I am near enough finished with my set-up now and am really happy with what I've got.

USA Fender Highway Tele, DS-1, You Dirty Rat. Fender Blues Deluxe, AT4040, SM57 Saffire 6, FL Studio, KRK Rokit 5's.

From what I've read though, every room should be treated acoustically. I've read a book recently by Mike Senior and he says if you don't sort out the room you lose half the price of your speakers right up front. That has really stuck with me and I think I want to tackle this now.

I have a major problem(I think) in that I am trapped in an alcove and have nowhere else to put my PC. If I were guessing then I would say this would cause major bass resonance issues. But being so new to this game I have no objective reference points or past knowledge with which to know.

I don't know how it's 'supposed' to sound ideally.

As I'm mixing it sounds good. But then again it could be due to where the speakers are, giving a false impression because of the rooms acoustics. If it was that I wouldn't know any different as I have no access to any cd players(Although I'm going to try my iPod) to guage what's different between the two.

I am also going to start comparing other records - Nevermind as an example as to what my sound sounds like, if you know what I mean.

If you guys could help me and look at the pictures of the my room on my flickr site:

http://www.flickr.com/photos/ste20man/?saved=1

and give me your visual opinion on what could be wrong(Bass / Treble?) and what you would do to change treat this space as best as possible I'd be really grateful.

I have been looking around at soundproofing material and came across this company where I think this product could coverall behind the PC and speakers.

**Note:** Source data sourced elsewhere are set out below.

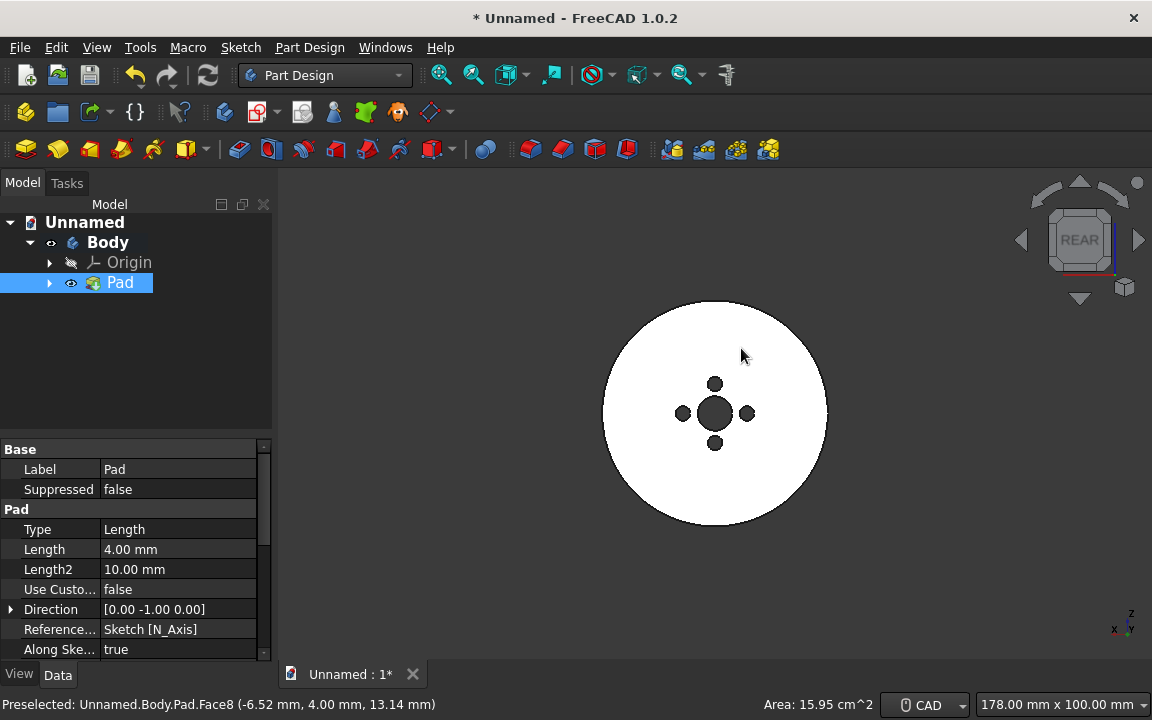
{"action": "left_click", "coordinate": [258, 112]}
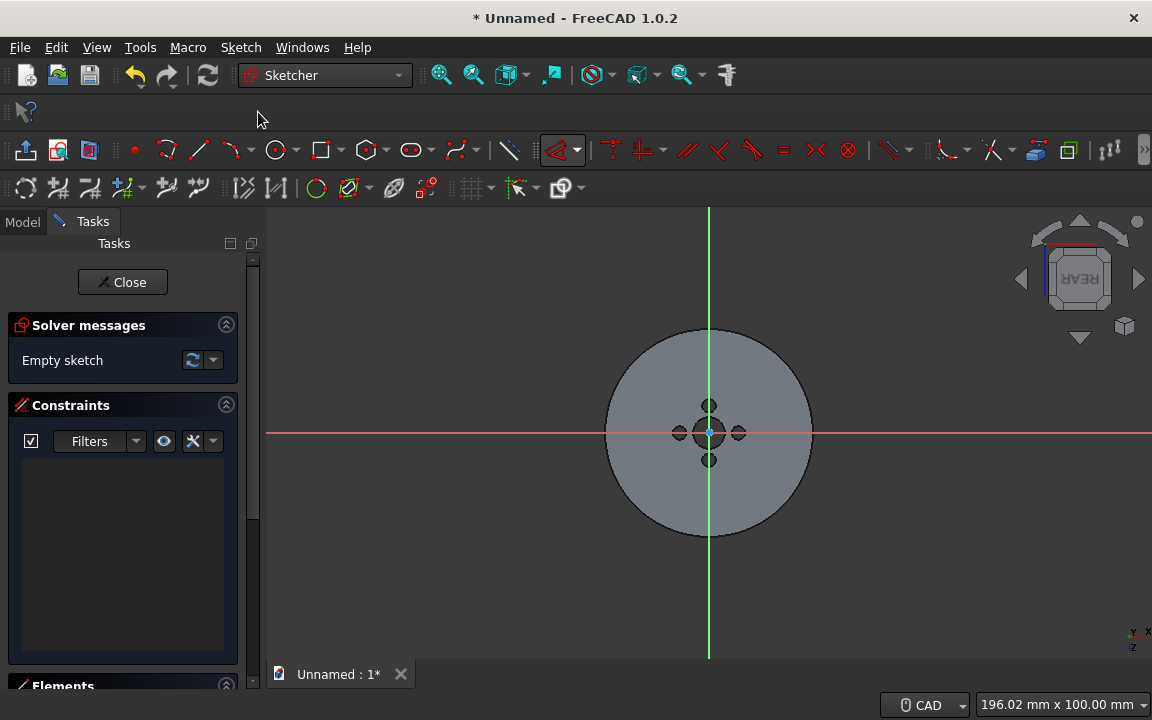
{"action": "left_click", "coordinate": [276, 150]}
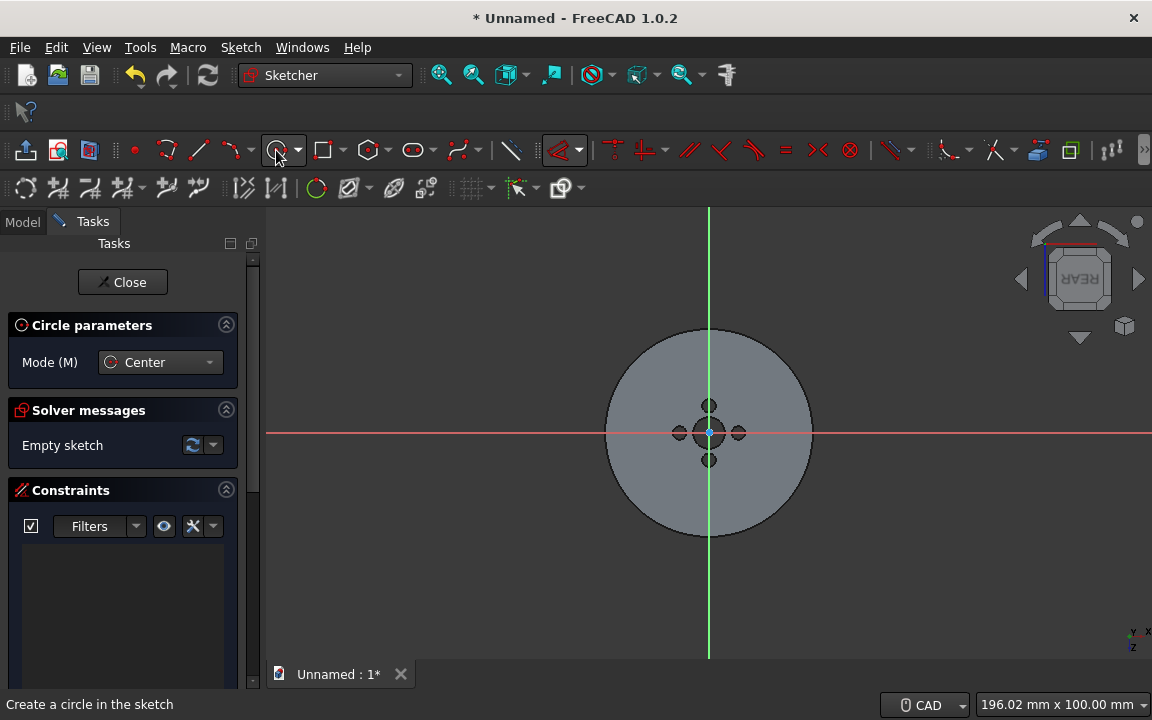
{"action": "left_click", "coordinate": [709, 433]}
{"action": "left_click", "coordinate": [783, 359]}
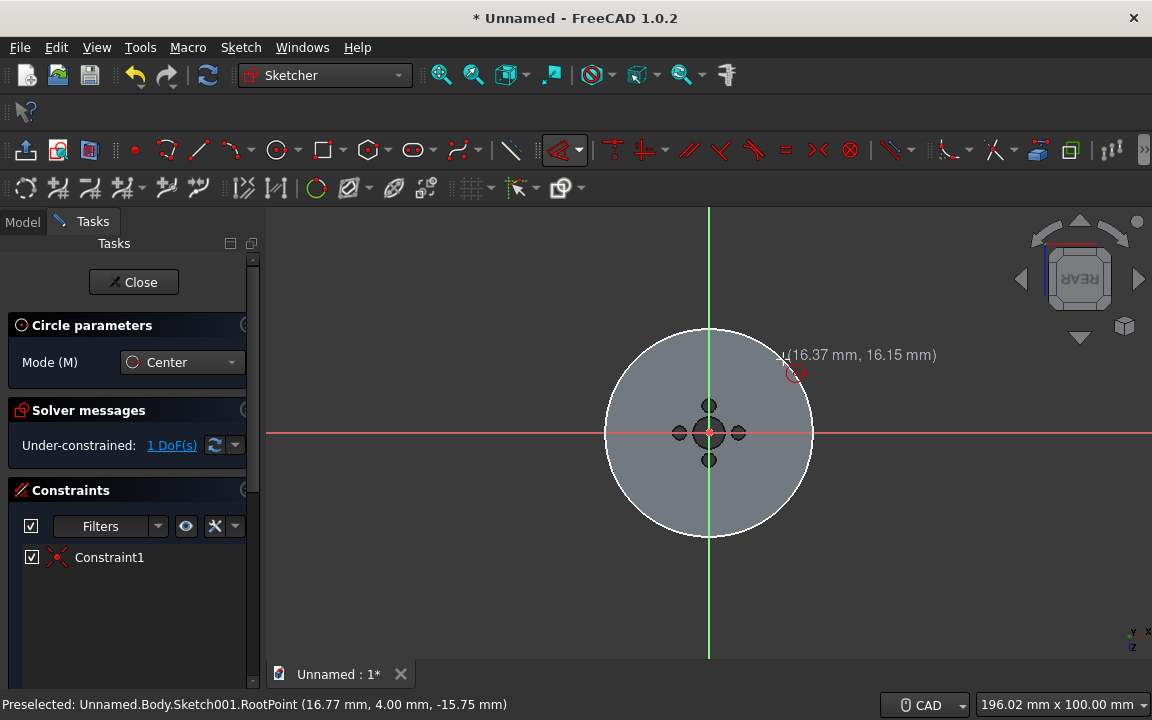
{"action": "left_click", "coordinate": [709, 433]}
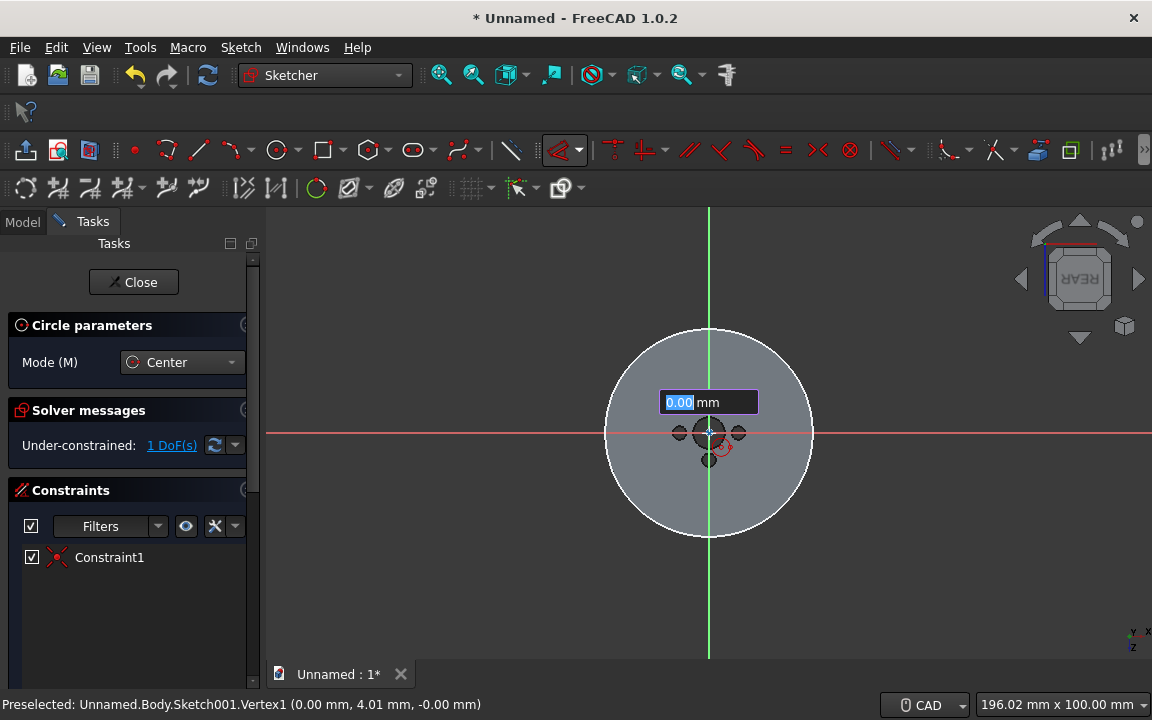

To be honest I don't know why this particular bundle. To me it looks value for money but as to why I should go for this particular one, I don't know:

http://www.dolphinmusic.co.uk/product/35735-auralex-d36-dst-roominator-charcoal-.html

Any ideas would be more than welcome. Cheers, Ste. :-)

stainless:
this is like the proverbial Pandora's Box- 

"rule of thumb"  <sigh> is that parallel opposing walls should not both have hard surfaces... and often it's "felt" desirable to not have a reflective surface at 'your back"

corners are problematic for low freq, so bass traps are used... and there's numerous designs and opinions on what works best, and my own completely un-scientific opinion is the wall construction of the corner walls (and ceiling and floor) have an effect of how well a design may work.

There are room mode calculators on-line that will allow you to get a general idea of what frequencies will be the most problematic in a room  of your dimensions, but keep in mind many of this are based on all flat walls (no windows, doors, book-cases, etc)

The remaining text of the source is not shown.